[Opening Available data section]

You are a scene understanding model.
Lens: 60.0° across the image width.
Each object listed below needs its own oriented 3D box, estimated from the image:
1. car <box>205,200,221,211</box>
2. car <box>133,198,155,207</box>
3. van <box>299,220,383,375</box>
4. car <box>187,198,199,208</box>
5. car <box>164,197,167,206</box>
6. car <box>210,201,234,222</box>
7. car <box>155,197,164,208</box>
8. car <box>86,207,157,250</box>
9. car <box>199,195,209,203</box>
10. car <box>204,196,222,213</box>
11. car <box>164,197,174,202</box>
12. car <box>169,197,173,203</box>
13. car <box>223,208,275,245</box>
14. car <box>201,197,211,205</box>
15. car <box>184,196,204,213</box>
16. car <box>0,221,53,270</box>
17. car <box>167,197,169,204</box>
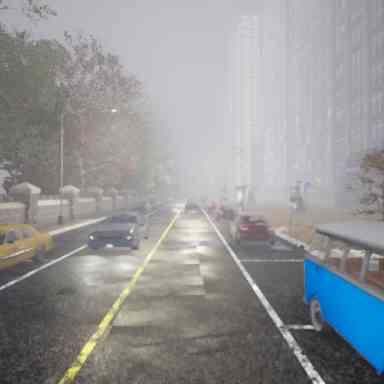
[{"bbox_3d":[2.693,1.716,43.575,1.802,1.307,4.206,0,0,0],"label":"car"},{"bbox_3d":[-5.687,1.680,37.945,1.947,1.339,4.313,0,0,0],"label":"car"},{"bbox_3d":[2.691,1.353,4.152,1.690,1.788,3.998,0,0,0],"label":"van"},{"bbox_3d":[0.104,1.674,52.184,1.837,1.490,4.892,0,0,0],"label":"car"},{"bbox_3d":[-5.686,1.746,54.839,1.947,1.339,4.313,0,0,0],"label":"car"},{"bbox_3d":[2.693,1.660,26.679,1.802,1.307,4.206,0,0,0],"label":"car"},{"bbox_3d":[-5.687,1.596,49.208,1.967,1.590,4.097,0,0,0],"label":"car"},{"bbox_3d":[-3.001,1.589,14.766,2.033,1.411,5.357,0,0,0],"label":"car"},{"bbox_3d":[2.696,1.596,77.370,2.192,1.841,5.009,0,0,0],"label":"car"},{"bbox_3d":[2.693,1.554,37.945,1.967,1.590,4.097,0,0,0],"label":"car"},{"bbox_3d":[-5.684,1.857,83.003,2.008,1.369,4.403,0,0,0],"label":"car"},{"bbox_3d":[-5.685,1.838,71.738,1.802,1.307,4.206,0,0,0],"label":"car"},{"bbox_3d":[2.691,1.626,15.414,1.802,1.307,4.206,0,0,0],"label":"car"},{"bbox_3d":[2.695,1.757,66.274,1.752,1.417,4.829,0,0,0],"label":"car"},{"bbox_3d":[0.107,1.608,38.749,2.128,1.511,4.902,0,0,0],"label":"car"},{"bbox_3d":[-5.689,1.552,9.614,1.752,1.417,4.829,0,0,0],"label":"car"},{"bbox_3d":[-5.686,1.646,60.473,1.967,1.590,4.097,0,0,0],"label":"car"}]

[Closing Available data section]

§ Task to carry out
Copy each line above that has the word "image".

§ Expected answer
Lens: 60.0° across the image width.
Each object listed below needs its own oriented 3D box, estimated from the image:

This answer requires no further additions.